### Assignment
Within the records, which lines hold the string "Crash"? Report each one by copying it.

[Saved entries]
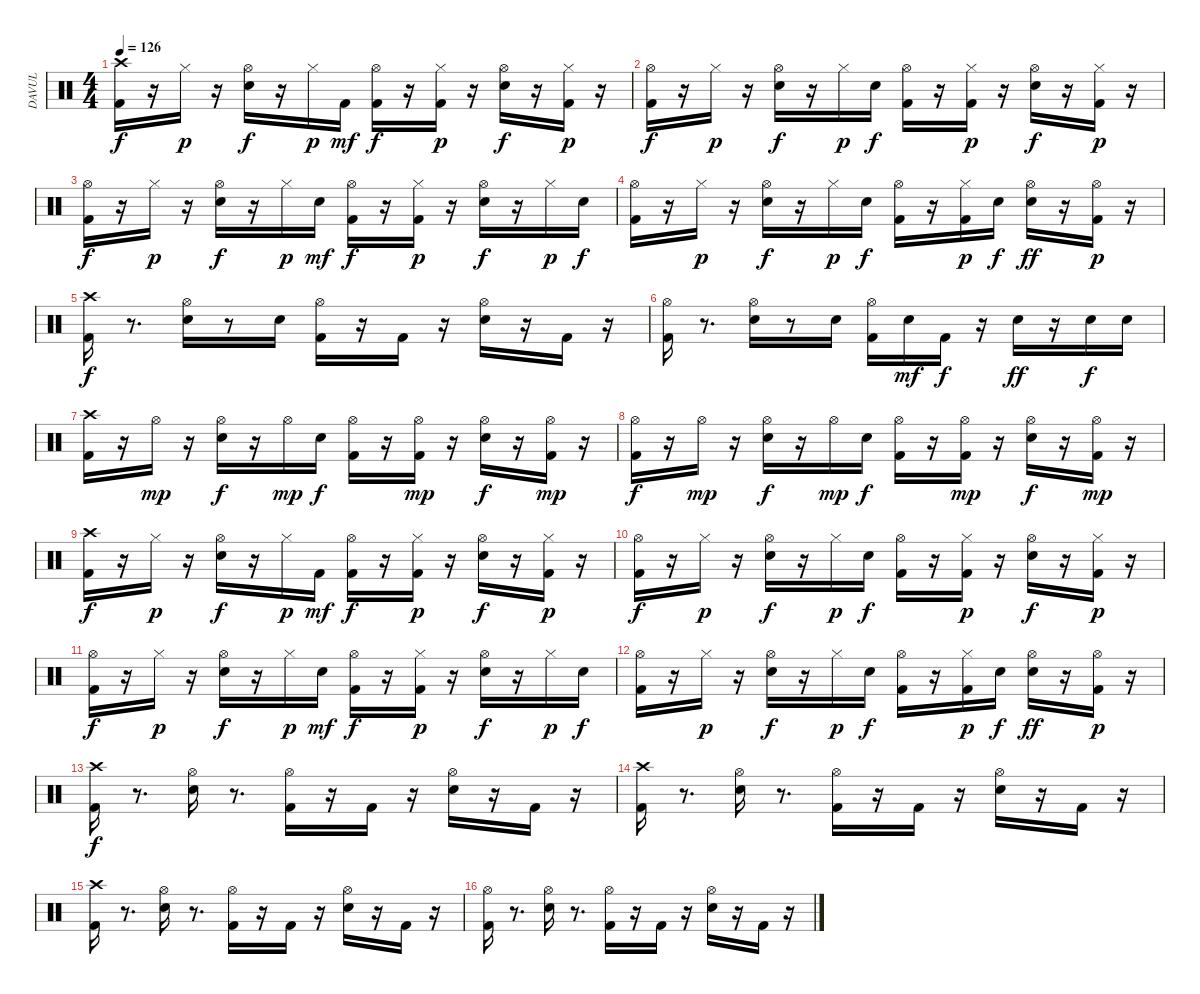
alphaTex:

\track ("DAVUL" "DAVUL") {instrument percussion}
\staff {score}
\articulation defaults
\ts (4 4)
\tempo 126
\clef neutral
\ks c
("Crash high (hit)" "Kick (hit) 2").16{dy f} r.16 "Hi-Hat (closed)".16{dy p} r.16 ("Electric Snare (hit)" "Hi-Hat (open)").16{dy f} r.16 "Hi-Hat (closed)".16{dy p} "Kick (hit) 2".16{dy mf} ("Hi-Hat (open)" "Kick (hit) 2").16{dy f} r.16 ("Hi-Hat (closed)" "Kick (hit) 2").16{dy p} r.16 ("Electric Snare (hit)" "Hi-Hat (open)").16{dy f} r.16 ("Hi-Hat (closed)" "Kick (hit) 2").16{dy p} r.16 |
("Hi-Hat (open)" "Kick (hit) 2").16{dy f} r.16 "Hi-Hat (closed)".16{dy p} r.16 ("Electric Snare (hit)" "Hi-Hat (open)").16{dy f} r.16 "Hi-Hat (closed)".16{dy p} "Electric Snare (hit)".16{dy f} ("Hi-Hat (open)" "Kick (hit) 2").16 r.16 ("Hi-Hat (closed)" "Kick (hit) 2").16{dy p} r.16 ("Electric Snare (hit)" "Hi-Hat (open)").16{dy f} r.16 ("Hi-Hat (closed)" "Kick (hit) 2").16{dy p} r.16 |
("Kick (hit) 2" "Hi-Hat (open)").16{dy f} r.16 "Hi-Hat (closed)".16{dy p} r.16 ("Electric Snare (hit)" "Hi-Hat (open)").16{dy f} r.16 "Hi-Hat (closed)".16{dy p} "Electric Snare (hit)".16{dy mf} ("Hi-Hat (open)" "Kick (hit) 2").16{dy f} r.16 ("Hi-Hat (closed)" "Kick (hit) 2").16{dy p} r.16 ("Electric Snare (hit)" "Hi-Hat (open)").16{dy f} r.16 "Hi-Hat (closed)".16{dy p} "Electric Snare (hit)".16{dy f} |
("Hi-Hat (open)" "Kick (hit) 2").16 r.16 "Hi-Hat (closed)".16{dy p} r.16 ("Electric Snare (hit)" "Hi-Hat (open)").16{dy f} r.16 "Hi-Hat (closed)".16{dy p} "Electric Snare (hit)".16{dy f} ("Hi-Hat (open)" "Kick (hit) 2").16 r.16 ("Hi-Hat (closed)" "Kick (hit) 2").16{dy p} "Electric Snare (hit)".16{dy f} ("Electric Snare (hit)" "Hi-Hat (open)").16{dy ff} r.16 ("Kick (hit) 2" "Hi-Hat (open)").16{dy p} r.16 |
("Crash high (hit)" "Kick (hit) 2").16{dy f} r.8{d} ("Hi-Hat (open)" "Electric Snare (hit)").16 r.8 "Electric Snare (hit)".16 ("Hi-Hat (open)" "Kick (hit) 2").16 r.16 "Kick (hit) 2".16 r.16 ("Hi-Hat (open)" "Electric Snare (hit)").16 r.16 "Kick (hit) 2".16 r.16 |
("Kick (hit) 2" "Hi-Hat (open)").16 r.8{d} ("Hi-Hat (open)" "Electric Snare (hit)").16 r.8 "Electric Snare (hit)".16 ("Hi-Hat (open)" "Kick (hit) 2").16 "Electric Snare (hit)".16{dy mf} "Kick (hit) 2".16{dy f} r.16 "Electric Snare (hit)".16{dy ff} r.16 "Electric Snare (hit)".16{dy f} "Electric Snare (hit)".16 |
("Kick (hit) 2" "Crash high (hit)").16 r.16 "Hi-Hat (open)".16{dy mp} r.16 ("Hi-Hat (open)" "Electric Snare (hit)").16{dy f} r.16 "Hi-Hat (open)".16{dy mp} "Electric Snare (hit)".16{dy f} ("Hi-Hat (open)" "Kick (hit) 2").16 r.16 ("Hi-Hat (open)" "Kick (hit) 2").16{dy mp} r.16 ("Hi-Hat (open)" "Electric Snare (hit)").16{dy f} r.16 ("Hi-Hat (open)" "Kick (hit) 2").16{dy mp} r.16 |
("Kick (hit) 2" "Hi-Hat (open)").16{dy f} r.16 "Hi-Hat (open)".16{dy mp} r.16 ("Hi-Hat (open)" "Electric Snare (hit)").16{dy f} r.16 "Hi-Hat (open)".16{dy mp} "Electric Snare (hit)".16{dy f} ("Hi-Hat (open)" "Kick (hit) 2").16 r.16 ("Hi-Hat (open)" "Kick (hit) 2").16{dy mp} r.16 ("Hi-Hat (open)" "Electric Snare (hit)").16{dy f} r.16 ("Hi-Hat (open)" "Kick (hit) 2").16{dy mp} r.16 |
("Crash high (hit)" "Kick (hit) 2").16{dy f} r.16 "Hi-Hat (closed)".16{dy p} r.16 ("Electric Snare (hit)" "Hi-Hat (open)").16{dy f} r.16 "Hi-Hat (closed)".16{dy p} "Kick (hit) 2".16{dy mf} ("Hi-Hat (open)" "Kick (hit) 2").16{dy f} r.16 ("Hi-Hat (closed)" "Kick (hit) 2").16{dy p} r.16 ("Electric Snare (hit)" "Hi-Hat (open)").16{dy f} r.16 ("Hi-Hat (closed)" "Kick (hit) 2").16{dy p} r.16 |
("Hi-Hat (open)" "Kick (hit) 2").16{dy f} r.16 "Hi-Hat (closed)".16{dy p} r.16 ("Electric Snare (hit)" "Hi-Hat (open)").16{dy f} r.16 "Hi-Hat (closed)".16{dy p} "Electric Snare (hit)".16{dy f} ("Hi-Hat (open)" "Kick (hit) 2").16 r.16 ("Hi-Hat (closed)" "Kick (hit) 2").16{dy p} r.16 ("Electric Snare (hit)" "Hi-Hat (open)").16{dy f} r.16 ("Hi-Hat (closed)" "Kick (hit) 2").16{dy p} r.16 |
("Kick (hit) 2" "Hi-Hat (open)").16{dy f} r.16 "Hi-Hat (closed)".16{dy p} r.16 ("Electric Snare (hit)" "Hi-Hat (open)").16{dy f} r.16 "Hi-Hat (closed)".16{dy p} "Electric Snare (hit)".16{dy mf} ("Hi-Hat (open)" "Kick (hit) 2").16{dy f} r.16 ("Hi-Hat (closed)" "Kick (hit) 2").16{dy p} r.16 ("Electric Snare (hit)" "Hi-Hat (open)").16{dy f} r.16 "Hi-Hat (closed)".16{dy p} "Electric Snare (hit)".16{dy f} |
("Hi-Hat (open)" "Kick (hit) 2").16 r.16 "Hi-Hat (closed)".16{dy p} r.16 ("Electric Snare (hit)" "Hi-Hat (open)").16{dy f} r.16 "Hi-Hat (closed)".16{dy p} "Electric Snare (hit)".16{dy f} ("Hi-Hat (open)" "Kick (hit) 2").16 r.16 ("Hi-Hat (closed)" "Kick (hit) 2").16{dy p} "Electric Snare (hit)".16{dy f} ("Electric Snare (hit)" "Hi-Hat (open)").16{dy ff} r.16 ("Kick (hit) 2" "Hi-Hat (open)").16{dy p} r.16 |
("Crash high (hit)" "Kick (hit) 2").16{dy f} r.8{d} ("Hi-Hat (open)" "Electric Snare (hit)").16 r.8{d} ("Hi-Hat (open)" "Kick (hit) 2").16 r.16 "Kick (hit) 2".16 r.16 ("Hi-Hat (open)" "Electric Snare (hit)").16 r.16 "Kick (hit) 2".16 r.16 |
("Kick (hit) 2" "Crash high (hit)").16 r.8{d} ("Hi-Hat (open)" "Electric Snare (hit)").16 r.8{d} ("Hi-Hat (open)" "Kick (hit) 2").16 r.16 "Kick (hit) 2".16 r.16 ("Hi-Hat (open)" "Electric Snare (hit)").16 r.16 "Kick (hit) 2".16 r.16 |
("Crash high (hit)" "Kick (hit) 2").16 r.8{d} ("Hi-Hat (open)" "Electric Snare (hit)").16 r.8{d} ("Hi-Hat (open)" "Kick (hit) 2").16 r.16 "Kick (hit) 2".16 r.16 ("Hi-Hat (open)" "Electric Snare (hit)").16 r.16 "Kick (hit) 2".16 r.16 |
("Kick (hit) 2" "Hi-Hat (open)").16 r.8{d} ("Hi-Hat (open)" "Electric Snare (hit)").16 r.8{d} ("Hi-Hat (open)" "Kick (hit) 2").16 r.16 "Kick (hit) 2".16 r.16 ("Hi-Hat (open)" "Electric Snare (hit)").16 r.16 "Kick (hit) 2".16 r.16

### Answer to this exercise
("Crash high (hit)" "Kick (hit) 2").16{dy f} r.16 "Hi-Hat (closed)".16{dy p} r.16 ("Electric Snare (hit)" "Hi-Hat (open)").16{dy f} r.16 "Hi-Hat (closed)".16{dy p} "Kick (hit) 2".16{dy mf} ("Hi-Hat (open)" "Kick (hit) 2").16{dy f} r.16 ("Hi-Hat (closed)" "Kick (hit) 2").16{dy p} r.16 ("Electric Snare (hit)" "Hi-Hat (open)").16{dy f} r.16 ("Hi-Hat (closed)" "Kick (hit) 2").16{dy p} r.16 |
("Crash high (hit)" "Kick (hit) 2").16{dy f} r.8{d} ("Hi-Hat (open)" "Electric Snare (hit)").16 r.8 "Electric Snare (hit)".16 ("Hi-Hat (open)" "Kick (hit) 2").16 r.16 "Kick (hit) 2".16 r.16 ("Hi-Hat (open)" "Electric Snare (hit)").16 r.16 "Kick (hit) 2".16 r.16 |
("Kick (hit) 2" "Crash high (hit)").16 r.16 "Hi-Hat (open)".16{dy mp} r.16 ("Hi-Hat (open)" "Electric Snare (hit)").16{dy f} r.16 "Hi-Hat (open)".16{dy mp} "Electric Snare (hit)".16{dy f} ("Hi-Hat (open)" "Kick (hit) 2").16 r.16 ("Hi-Hat (open)" "Kick (hit) 2").16{dy mp} r.16 ("Hi-Hat (open)" "Electric Snare (hit)").16{dy f} r.16 ("Hi-Hat (open)" "Kick (hit) 2").16{dy mp} r.16 |
("Crash high (hit)" "Kick (hit) 2").16{dy f} r.16 "Hi-Hat (closed)".16{dy p} r.16 ("Electric Snare (hit)" "Hi-Hat (open)").16{dy f} r.16 "Hi-Hat (closed)".16{dy p} "Kick (hit) 2".16{dy mf} ("Hi-Hat (open)" "Kick (hit) 2").16{dy f} r.16 ("Hi-Hat (closed)" "Kick (hit) 2").16{dy p} r.16 ("Electric Snare (hit)" "Hi-Hat (open)").16{dy f} r.16 ("Hi-Hat (closed)" "Kick (hit) 2").16{dy p} r.16 |
("Crash high (hit)" "Kick (hit) 2").16{dy f} r.8{d} ("Hi-Hat (open)" "Electric Snare (hit)").16 r.8{d} ("Hi-Hat (open)" "Kick (hit) 2").16 r.16 "Kick (hit) 2".16 r.16 ("Hi-Hat (open)" "Electric Snare (hit)").16 r.16 "Kick (hit) 2".16 r.16 |
("Kick (hit) 2" "Crash high (hit)").16 r.8{d} ("Hi-Hat (open)" "Electric Snare (hit)").16 r.8{d} ("Hi-Hat (open)" "Kick (hit) 2").16 r.16 "Kick (hit) 2".16 r.16 ("Hi-Hat (open)" "Electric Snare (hit)").16 r.16 "Kick (hit) 2".16 r.16 |
("Crash high (hit)" "Kick (hit) 2").16 r.8{d} ("Hi-Hat (open)" "Electric Snare (hit)").16 r.8{d} ("Hi-Hat (open)" "Kick (hit) 2").16 r.16 "Kick (hit) 2".16 r.16 ("Hi-Hat (open)" "Electric Snare (hit)").16 r.16 "Kick (hit) 2".16 r.16 |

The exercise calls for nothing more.